46th Mayor of Buffalo
- In office 1910–1917
- Preceded by: James N. Adam
- Succeeded by: George S. Buck

Personal details
- Born: November 7, 1868 Buffalo, New York
- Died: February 23, 1931 (aged 62) Buffalo, New York
- Party: Democratic
- Spouse: Alice S. Meald
- Children: three children

= Louis P. Fuhrmann =

American politician

Louis P. Fuhrmann (1868–1931) was Mayor of Buffalo, New York, from 1910 to 1917. Born in Buffalo on November 7, 1868, he grew up on the city's east side, graduated from Central High School, and began working in the meat packing industry. In 1892, he started his own meat-packing business at 1010 Clinton Street. He married Alice S. Meald on July 13, 1900.

In 1905, Fuhrmann was first elected a member of the Board of Aldermen from the Fifth Ward. He was elected on November 2, 1909, as the Democratic candidate. Fuhrmann narrowly defeated Councilman Jacob Siegrist 35,384 to 34,145. The race was so narrow that the 6 P.M. edition of the Buffalo Evening News called the race for Siegrist, before correcting it in the "EXTRA" edition.

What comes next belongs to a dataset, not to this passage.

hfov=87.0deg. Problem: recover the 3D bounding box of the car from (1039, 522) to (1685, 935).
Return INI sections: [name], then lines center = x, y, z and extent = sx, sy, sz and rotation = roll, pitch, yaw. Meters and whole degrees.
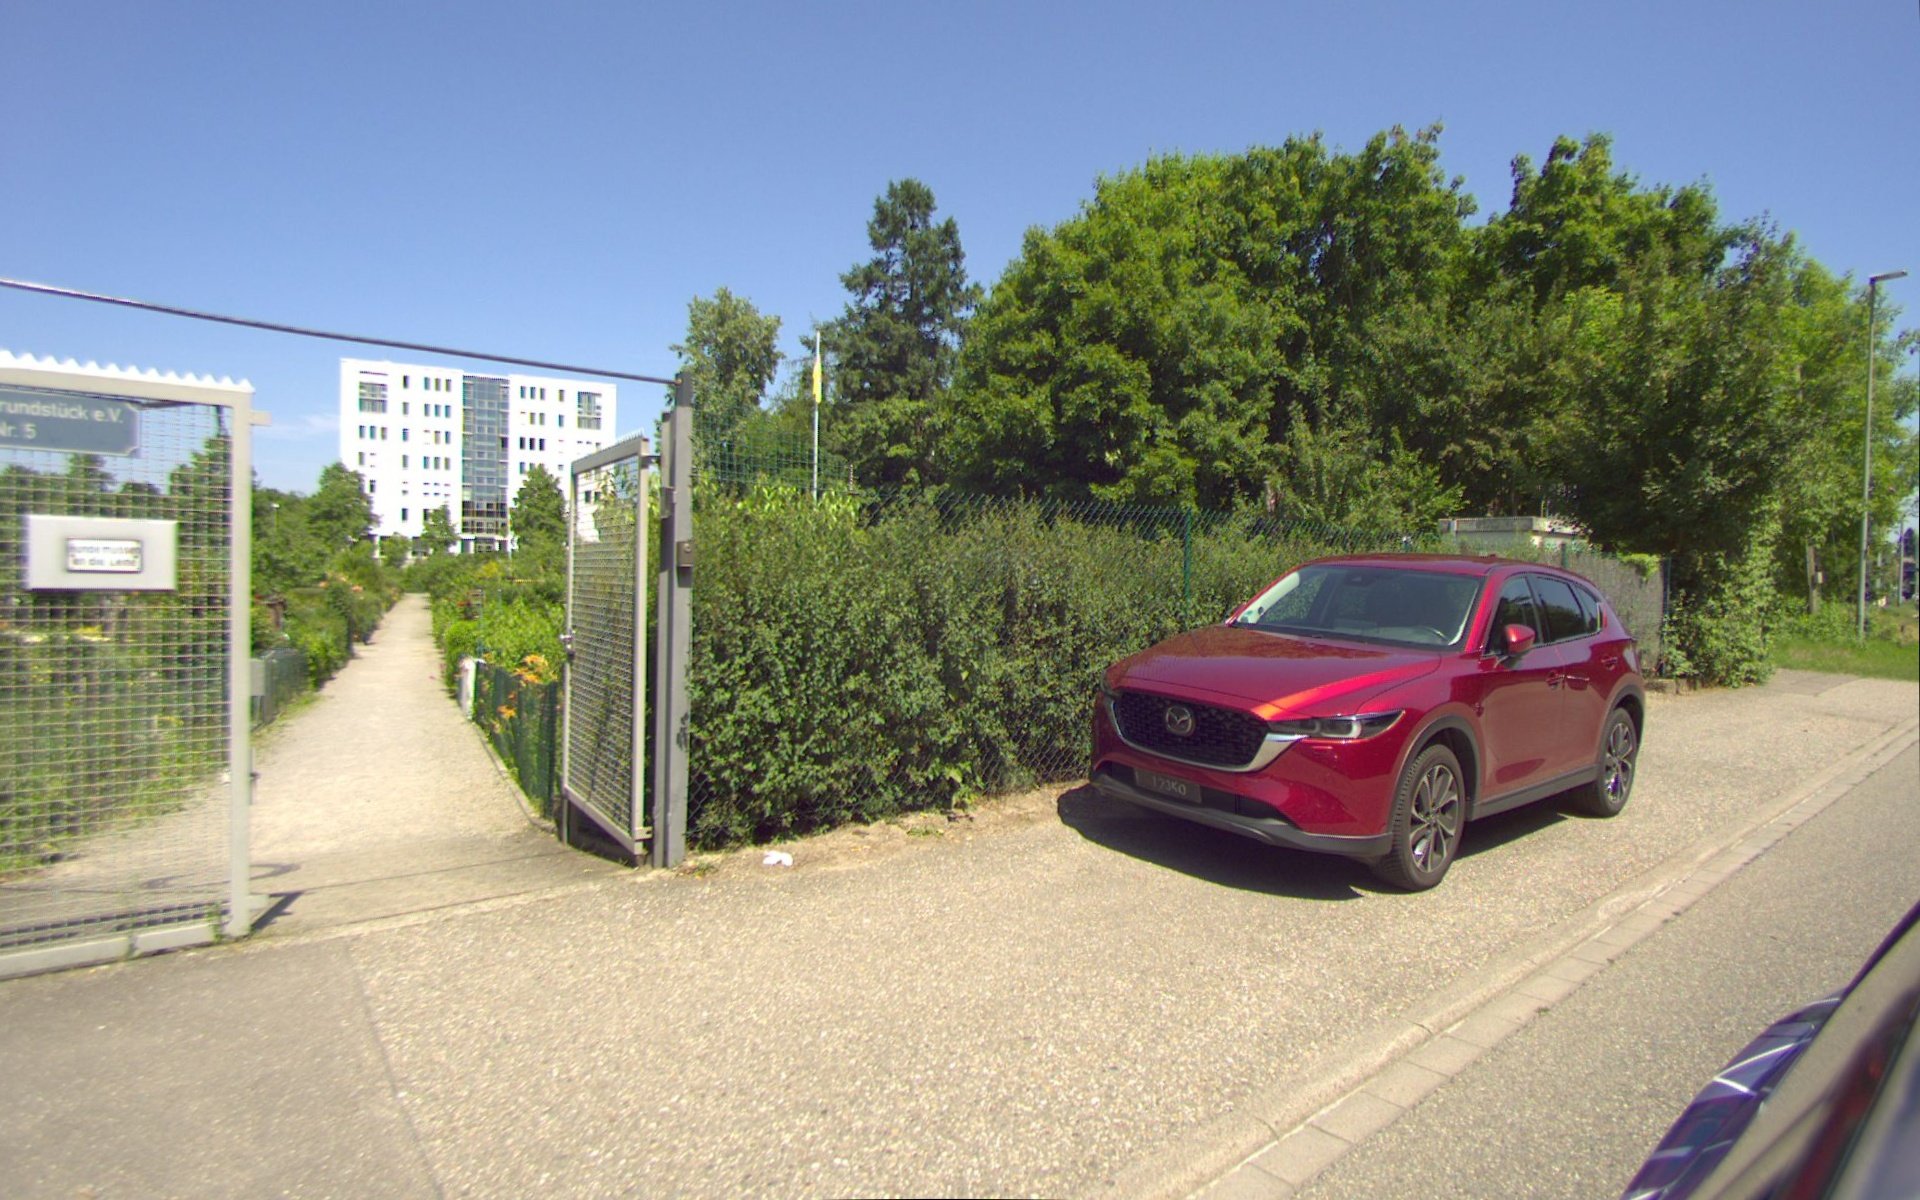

In 1913, Fuhrmann was narrowly renominated as the Democratic candidate. Mayor Fuhrmann lost the endorsement of the Democratic Party, who selected Black Rock maltster George J. Meyer. Mayor Fuhrmann went on to defeat him in the September 16th primary.

He was elected to a second term on November 4, 1913. He defeated Progressive and Citizens candidate John Lord O'Brian and Republican Thomas Stoddart. Fuhrmann prevailed with 30,219 votes to O'Brian's 23,757 and Stoddart's 13,447. During this term, America entered World War I and the Mayor was integral in assisting the Federal Government in coordination of the American forces. He was defeated in his quest for a third term on November 6, 1917, and returned to his meat packing business.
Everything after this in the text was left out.